Het is belangrijk om op te merken dat de regionale dimensie van ‘goed management’ niet alleen een samenstellingseffect betreft; de over-/ondervertegenwoordiging van bepaalde typen bedrijven (bijvoorbeeld grote bedrijven) die beter of slechter worden gemanaged en zo de totaalscore beïnvloeden. We vinden dat de regionale verspreiding van kennis over goed management een belangrijke rol speelt. Bedrijven met goed management trekken andere bedrijven in hun nabijheid mee in het verbeteren van hun management (Bloom et al., 2019). Met andere woorden, bedrijven leren van elkaar (Sander et al., 2019). Ook universiteiten zijn hierbij belangrijk: bedrijven kunnen baat hebben van de kennis over management die hier wordt gegenereerd en van de managers in spe die hier worden opgeleid. Ook hier is de Brainport Eindhoven een goed voorbeeld van een regio waarin bedrijfsleven en universiteiten op die manier van elkaars aanwezigheid profiteren: door nauw samen te werken en kennis uit te wisselen, kunnen alle deelnemende partijen profiteren. Kortom: er zijn duidelijk kennisspilovers van managementkwaliteit in het regionale ecosysteem (Sander, 2019).
Inzoomen op regionale verschillen
Door in te gaan op de vier individuele managementdimensies uit tabel 1 kunnen we ons een beter beeld vormen van de oorsprong van regionale verschillen. Figuur 5 laat de regionale verschillen op operationeel management, doelenmanagement, prestatiemanagement en personeelsmanagement zien.
Binnen Nederland bestaan er de grootste verschillen op het gebied van operationeel management en prestatiemanagement. In doelenmanagement en personeelsmanagement zijn de verschillen kleiner. Deels komt dit doordat Nederlandse bedrijven op deze laatste twee dimensies sowieso relatief laag scoren.

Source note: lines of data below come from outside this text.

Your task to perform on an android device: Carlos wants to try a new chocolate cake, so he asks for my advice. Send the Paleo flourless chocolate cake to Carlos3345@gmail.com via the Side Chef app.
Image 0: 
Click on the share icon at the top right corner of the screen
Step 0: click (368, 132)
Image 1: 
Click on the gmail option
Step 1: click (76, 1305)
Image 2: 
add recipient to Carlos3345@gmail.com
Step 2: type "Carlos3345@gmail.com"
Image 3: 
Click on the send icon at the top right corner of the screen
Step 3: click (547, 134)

Figuur 5 laat ook zien dat bedrijven in Zuid-Nederland vooral excelleren in operationeel management, terwijl bedrijven in West-Nederland –met in het bijzonder de Randstad– relatief slecht scoren op doelenmanagement. Met andere woorden, bedrijven in Zuid-Nederland zijn goed in het optimaal inrichten van het productieproces en het minimaliseren van verspilling, terwijl bedrijven in de Randstad onder andere een betere balans tussen financiële en niet-financiële doelen zouden kunnen zoeken.

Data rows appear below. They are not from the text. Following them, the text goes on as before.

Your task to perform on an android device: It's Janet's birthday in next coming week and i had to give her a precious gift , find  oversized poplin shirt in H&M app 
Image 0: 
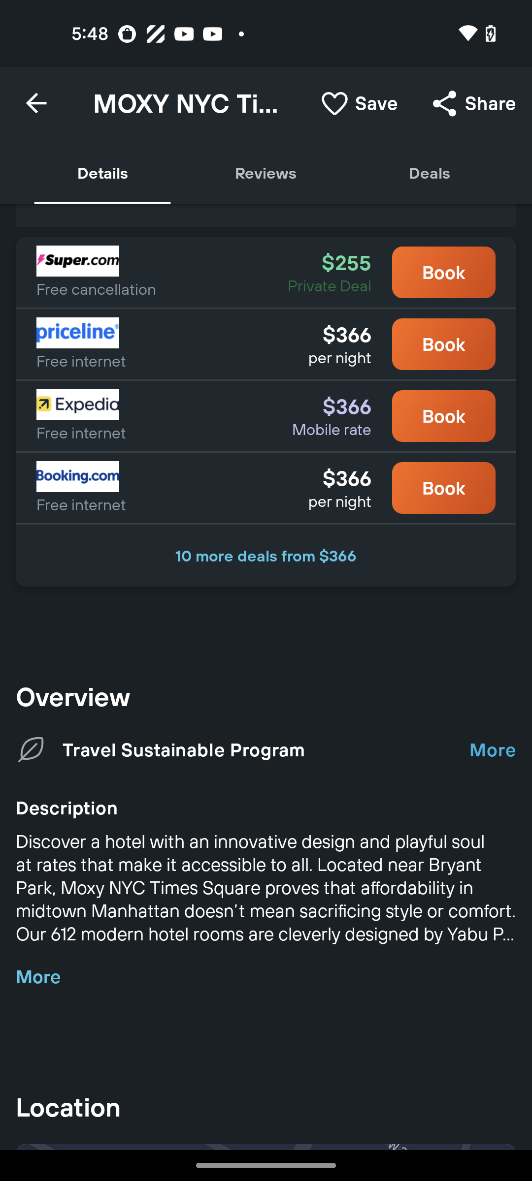
open the H&M app
Step 0: open app "H&M"
Image 1: 
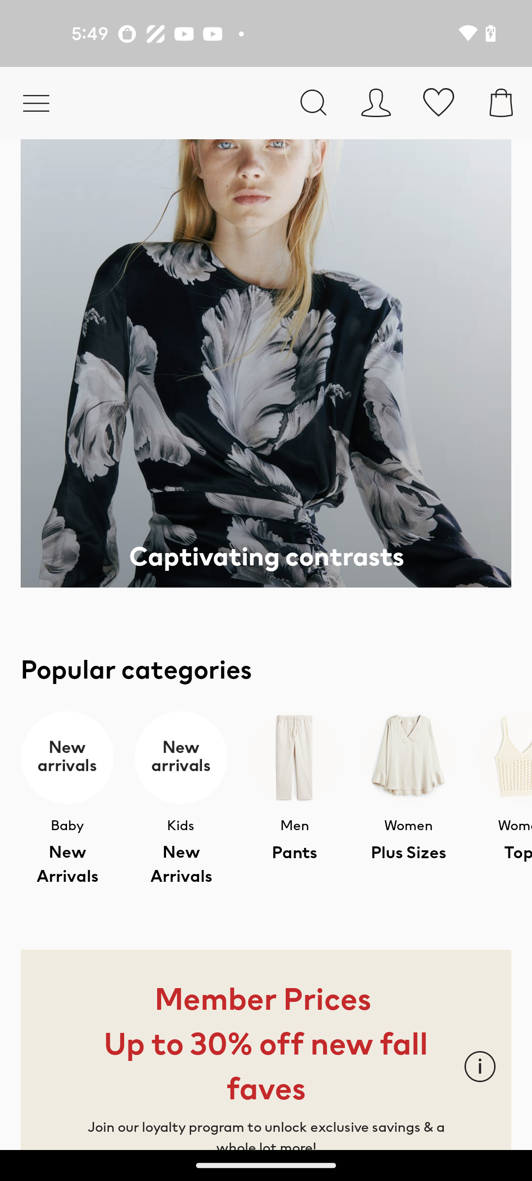
Click on the search icon at the top of the screen
Step 1: click (314, 102)
Image 2: 
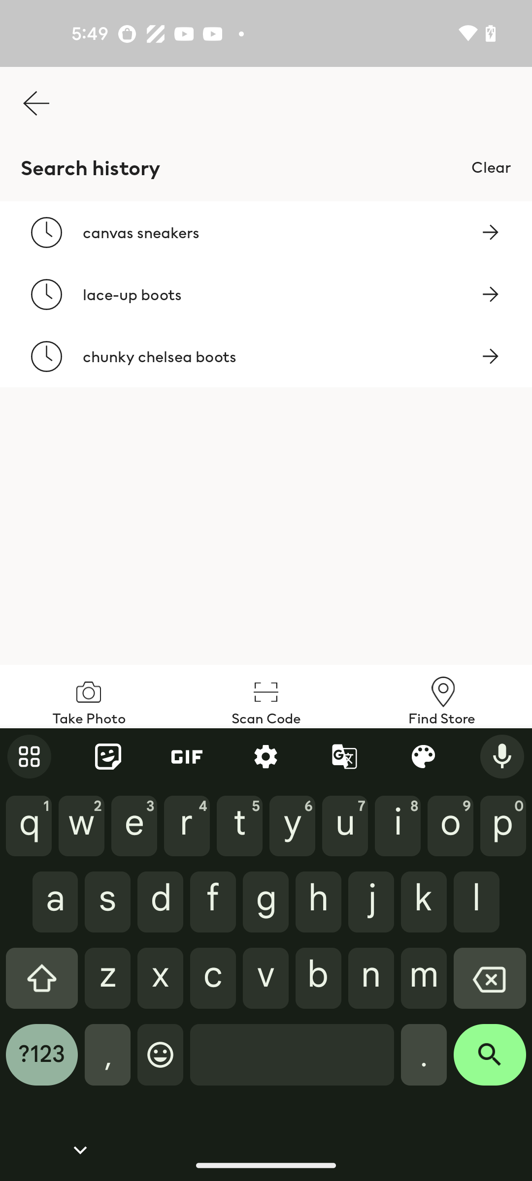
Enter a product as oversized poplin shirt
Step 2: type "oversized poplin shirt"

De Brainport excelleert, maar heeft opgave in doelenmanagement
We constateerden al dat de Brainport in het algemeen excelleert in managementkwaliteit. Noemenswaardig is dat ze het vergeleken met de andere regio’s ook goed doet in personeelsmanagement; investeren in en koesteren van talenten binnen de organisatie, en de continue aandacht om talenten aan te trekken. Hoewel de Brainport het op deze dimensie van management goed doet, blijkt dit dat hier vergeleken met internationale scores nog wel veel te winnen is. Er is dus wel degelijk een opgave om de bedrijven op het gebied van personeelsmanagement verder te laten ontwikkelen.
Maar vooral in doelenmanagement is nog veel te winnen. Het gaat hier om de optimale balans tussen financiële en niet-financiële doelstellingen, en de samenhang tussen korte- en langetermijndoelen. Bij de beschrijving van de grote transities in de economie zagen we al dat deze aspecten vooral te maken hebben met het ontwikkelen van duurzame bedrijfsmodellen en de zorg voor de kwaliteit van de leefomgeving in de regio. Het gaat in het concurrentiemodel van bedrijven niet alleen om het ‘hier en nu’, maar ook over het ‘later’ (CBS, 2019). En eigenlijk gaat het hier over een breed welvaartsperspectief: economische, ecologische en sociale dimensies in onderlinge samenhang, waarin het bedrijf in zijn omgeving functioneert. We gaan in de volgende paragraaf op deze brede welvaart in.
Conclusie
De bedrijven in de Brainport onderscheiden zich door goede managementkwaliteiten. De opgave is om de kwaliteit van management meer te richten op een breed welvaartsperspectief.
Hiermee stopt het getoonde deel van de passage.